4 minute read
WATOTO NEIGHBOURHOOD
Africa’s greatest resource is her women, empowered. Women like Anna.
Anna was uneducated, abandoned and full of anxiety. Then she received counseling, education and business skills training through Watoto Neighbourhood and discovered a faith in Jesus. Today, she’s overcome her fear. She’s more than a leader who trains 40 women in her community. More than a tailor running her own business. She’s an empowered mother for her daughter Rebecca. And Anna is healed.
BETTY’S STORY
Riding her bicycle through town, you can see that Betty’s smile is infectious. But that wasn’t always the case. At 12 years old, Betty was abducted by the Lord’s Resistance Army and given to a rebel soldier as his wife. She spent the next nine years of her childhood living in captivity. While in the bush, she birthed and buried several children. Betty wanted to escape but knew that if they caught her, they would kill her. It was only when she realized that everyone around her was dying anyway that she finally decided to escape. After all that, when she returned to her family she was rejected and shunned.
When Betty joined Watoto Neighbourhood she received trauma counseling, discipleship and found release through forgiveness. She forgave the LRA, and she forgave her family. Betty also learned to sew and run a business. Today, she’s an empowered mother living on the land she worked to buy, and in the house she built for her family. In 2017, her youngest child, Faith, was given the opportunity to receive a quality education at a Watoto school.
Betty’s childhood was taken, but now she’s able to give her daughter the love and freedom to flourish—and she’s flourishing too.
AGNES’ STORY
Today, Agnes provides for her family. But people didn’t always believe in her potential. Agnes’ father didn’t want to waste money sending his daughter to school and threw her out of the home as a young girl. With limited options, Agnes got married at 16 years old. When she was pregnant with her fifth child, her husband died and she discovered she was HIV+. With no way to provide for her family, she took her children and they slept in an old, abandoned railroad car. It became their home for five years.
When Watoto Neighbourhood launched in 2008, Agnes was among the first women to join. For the first time in her life, she received an education and she thrived learning business skills. In Agnes’ hands, her first chicken was multiplied into more chickens, which she sold for a goat, which then became a herd of cows. With the money she earned, she has been able to buy land, many animals and build a house and a small shop.

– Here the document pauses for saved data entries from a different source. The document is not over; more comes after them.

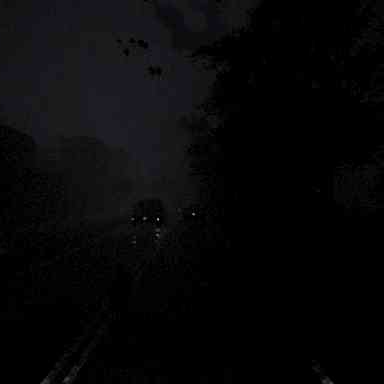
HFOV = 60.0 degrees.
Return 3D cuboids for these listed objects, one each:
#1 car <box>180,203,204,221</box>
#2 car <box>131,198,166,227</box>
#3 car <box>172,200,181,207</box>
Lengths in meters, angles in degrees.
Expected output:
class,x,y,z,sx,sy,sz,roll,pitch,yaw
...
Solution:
class,x,y,z,sx,sy,sz,roll,pitch,yaw
car,0.150,1.953,31.576,1.994,1.385,4.181,0,-1,0
car,-3.313,1.539,26.192,2.150,2.045,5.566,0,-1,0
car,-3.118,2.359,67.918,2.128,1.511,4.902,0,-1,0
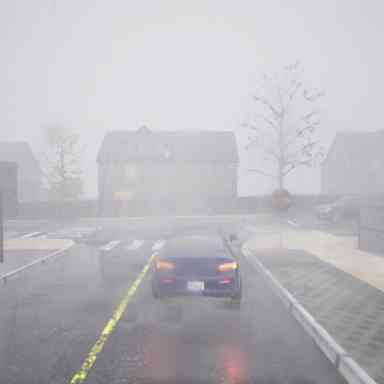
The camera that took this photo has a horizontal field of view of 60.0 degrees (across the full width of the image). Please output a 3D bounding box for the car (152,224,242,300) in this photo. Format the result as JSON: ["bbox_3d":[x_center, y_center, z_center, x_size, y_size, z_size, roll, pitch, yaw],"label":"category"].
[{"bbox_3d":[0.170,1.525,8.276,1.812,1.442,4.674,0,0,3],"label":"car"}]

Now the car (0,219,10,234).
[{"bbox_3d":[-12.836,1.879,18.500,4.718,1.301,1.895,-1,1,0],"label":"car"}]

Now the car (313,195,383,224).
[{"bbox_3d":[10.186,1.044,21.360,4.553,1.767,2.097,-1,1,-2],"label":"car"}]
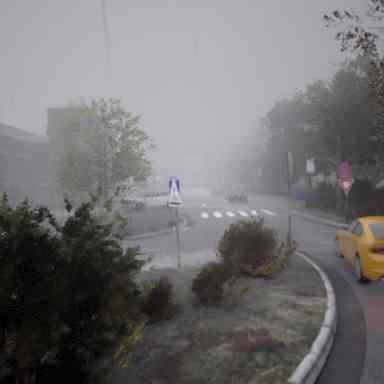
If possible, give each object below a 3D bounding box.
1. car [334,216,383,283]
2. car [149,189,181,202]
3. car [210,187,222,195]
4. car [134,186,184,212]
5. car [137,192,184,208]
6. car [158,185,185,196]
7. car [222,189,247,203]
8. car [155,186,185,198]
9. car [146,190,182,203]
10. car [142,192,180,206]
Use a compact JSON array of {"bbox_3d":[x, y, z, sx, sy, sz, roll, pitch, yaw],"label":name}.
[{"bbox_3d":[5.404,1.420,9.444,1.882,1.535,5.008,-2,0,15],"label":"car"},{"bbox_3d":[-4.345,0.466,53.047,4.553,1.767,2.185,-4,2,-21],"label":"car"},{"bbox_3d":[4.825,-0.304,66.404,2.097,1.767,4.553,-2,1,-1],"label":"car"},{"bbox_3d":[-3.926,0.853,35.015,5.566,2.045,2.435,-4,2,-21],"label":"car"},{"bbox_3d":[-3.865,0.917,41.115,5.366,1.575,1.946,-4,2,-21],"label":"car"},{"bbox_3d":[-4.787,-0.323,77.080,5.566,2.045,2.435,-4,1,-21],"label":"car"},{"bbox_3d":[5.458,0.398,41.396,2.097,1.767,4.553,-2,2,-1],"label":"car"},{"bbox_3d":[-4.598,-0.082,68.068,5.566,2.045,2.435,-4,1,-21],"label":"car"},{"bbox_3d":[-4.234,0.675,50.050,5.008,1.535,2.097,-4,2,-21],"label":"car"},{"bbox_3d":[-4.111,0.886,44.052,4.674,1.452,2.002,-4,2,-21],"label":"car"}]
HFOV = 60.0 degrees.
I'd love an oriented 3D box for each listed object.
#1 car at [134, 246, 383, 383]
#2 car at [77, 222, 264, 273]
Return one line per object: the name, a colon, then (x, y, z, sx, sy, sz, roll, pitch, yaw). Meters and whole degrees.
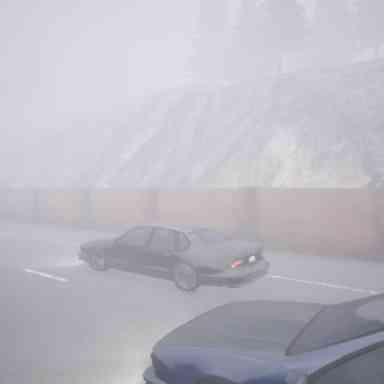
car: (2.120, 1.551, 2.465, 5.357, 1.411, 2.033, 0, 0, 36)
car: (-0.715, 1.512, 8.802, 5.357, 1.411, 2.033, 0, 0, 36)

To her children and grandchildren, Agnes is a role model who is doing everything she can to give them a bright future.
-Hamidah,
Neighbourhood Mother
HAMIDAH’S STORY
Since joining Watoto Neighbourhood, Hamidah’s found freedom from the scars of her past. She’s discovered the power of telling her story, for herself and for others.
When Hamidah was 14 years old, she was kidnapped and trafficked into a neighbouring country. Locked in a windowless room, she was raped and kept as a slave for almost two years.
“The room was so dark, I didn’t know if it was night or day. A man would rape me. His son would visit too, and a third man. If I refused, they would starve and beat me. I still have the scars on my back.”
Eventually Hamidah tried to escape, but was returned to her captors. After many months had passed, she tried again. This time she succeeded.
“When I finally arrived home in Uganda, I learned my mother had died from the heartbreak of losing me. And because of the trauma I experienced, a part of me had died too.”
Then, Hamidah learned she was HIV+ and three months pregnant. She felt like her future was gone. “When I gave birth they had to beg me to feed my son, because when I looked at him, I remembered the days in captivity and the people who raped me and beat me. But my grandmother told me that God knew why I had become pregnant and that the child would be like an angel to me.”
In 2016, Hamidah was invited by a friend to Watoto. Soon after she was welcomed into our Neighbourhood center for help and offered a job in the café.
“In discipleship classes they talked about forgiveness, and for the first time I shared my story—the whole story—in front of 100 women. I was able to forgive. When I look at my son now, I forget all the pain I suffered and he gives me joy. I know he doesn’t have a father, but I know we have a Father in God, and He’s a good Father.”
Soon afterwards, we told Hamidah that we would provide for her son’s education. For her, it was an answer to prayer.
“I want to thank everyone at Watoto who’s accepted me and shown me love. Before, when I would shake someone’s hand, they’d go and get soap to wash away the touch. It means so much that I can tell my story and people will still sit with me and hug me. Thank you for accepting me and for your love and kindness.”